FreeNAS

A little background: I use unison for bi-directional sync on FreeBSD. Unison does not sync ACLs. So I do not use zfsacl on those shares. I'm trying to use FreeNAS to accomplish similar on another system. I would like to prevent Windows users changing the ACLs on my 'unix' filesystem -- because those ACLs will not replicate which could lockout users.

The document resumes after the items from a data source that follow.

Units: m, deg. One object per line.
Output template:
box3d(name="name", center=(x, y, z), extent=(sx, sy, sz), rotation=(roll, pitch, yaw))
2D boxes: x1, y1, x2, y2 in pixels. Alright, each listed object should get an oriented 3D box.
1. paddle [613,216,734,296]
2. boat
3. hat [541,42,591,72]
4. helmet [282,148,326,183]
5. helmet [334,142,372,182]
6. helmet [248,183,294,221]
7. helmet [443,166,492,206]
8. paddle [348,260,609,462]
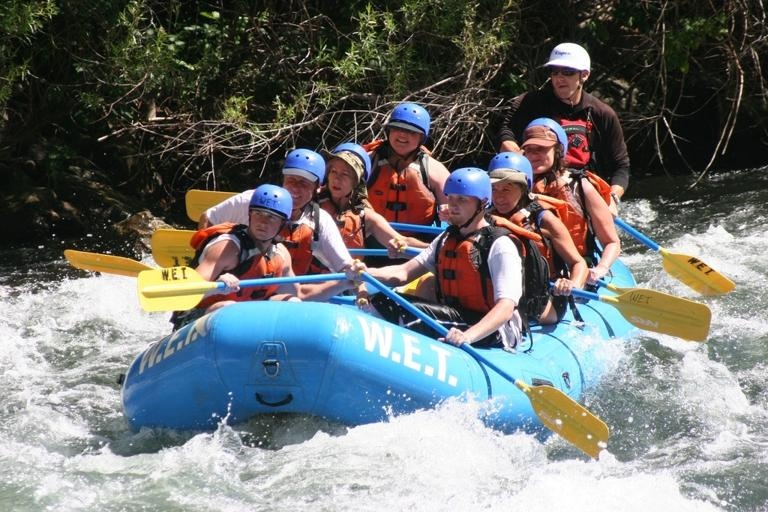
box3d(name="paddle", center=(3.489, 0.030, 11.339), extent=(1.322, 0.359, 0.071), rotation=(38, 43, 10))
box3d(name="boat", center=(-0.212, 1.496, 10.396), extent=(3.192, 1.139, 5.285), rotation=(-6, -12, 15))
box3d(name="hat", center=(2.093, -2.212, 10.583), extent=(0.426, 0.213, 0.313), rotation=(9, -2, -44))
box3d(name="helmet", center=(-0.770, -0.905, 9.253), extent=(0.274, 0.395, 0.295), rotation=(13, 55, 10))
box3d(name="helmet", center=(-0.297, -0.948, 9.907), extent=(0.340, 0.465, 0.394), rotation=(6, 29, 23))
box3d(name="helmet", center=(-1.042, -0.469, 8.801), extent=(0.392, 0.413, 0.523), rotation=(15, 3, -5))
box3d(name="helmet", center=(0.790, -0.637, 8.883), extent=(0.495, 0.389, 0.459), rotation=(4, 9, -12))
box3d(name="paddle", center=(0.784, 0.987, 8.489), extent=(2.667, 0.297, 0.179), rotation=(36, 26, -2))

I'll paste my smb4.conf below.

Also, I'm curious what technically happens due to setting a filesystem's "share type" to unix/windows/etc.

[global]
    interfaces = 10.10.0.22
    disable netbios = yes
    security = ads
    realm = FOO.LOCAL
    workgroup = FOO
    idmap config *: backend = tdb
    idmap config *: range = 90000001-100000000
    idmap config FOO: backend = rid
    idmap config FOO: range = 20000-90000000
    winbind enum users = yes
    winbind enum groups = yes
    log file = /var/log/samba4/log.foo
    log level = 1
    store dos attributes = yes
    local master = no
    directory name cache size = 0
    domain master = no
    preferred master = no
    syslog = 0

# Work around samba inotify/kqueue bug -- see pcbsd bug 4728, samba bug 11063, serverfault 683623
    kernel change notify = no

[Projects]
    path = /agp1/projects
    veto files = /.snapshot/.windows/.mac/.zfs/Thumbs.db/
    writeable = yes
    browseable = yes
    vfs objects = full_audit
    full_audit:prefix = %u|%I|%m|%S
    full_audit:success = open pwrite
    full_audit:failure = open pwrite
    full_audit:facility = local7
    full_audit:priority = NOTICE
    oplocks = no
    create mask = 0770
    force create mode = 660
    directory mask = 0770
    force directory mode = 770
    strict allocate = yes
    hide unreadable = yes

Samba will only interpret the last "vfs objects" line in a share definition. This means that if you set, for example, the auxiliary parameter "vfs objects = streams_xattr full_audit", then "zfsacl" will no longer be enabled. Do note however that some VFS objects are sensitive about ordering. Try to replicate what you see in FreeNAS under /usr/local/etc/smb4.conf

Setting the share type to "windows" changes the dataset's aclmode property to "restricted". This protects it from having an inerrant chmod break ACLs. On "unix" datasets the aclmode is set to "passthrough".

John Hixson wrote:

Kris Moore wrote:

John, this safe/wise to do?

It's safe. Wise? depends on user case ;-) Honestly, I'm not happy about the VFS objects that are automatically added when on a ZFS filesystem either. I would like the default to be to add them, but to be removable if not wanted (in cases like this). Currently, other than adding to auxiliary parameters to override the entire VFS objects line, there is no way to do this.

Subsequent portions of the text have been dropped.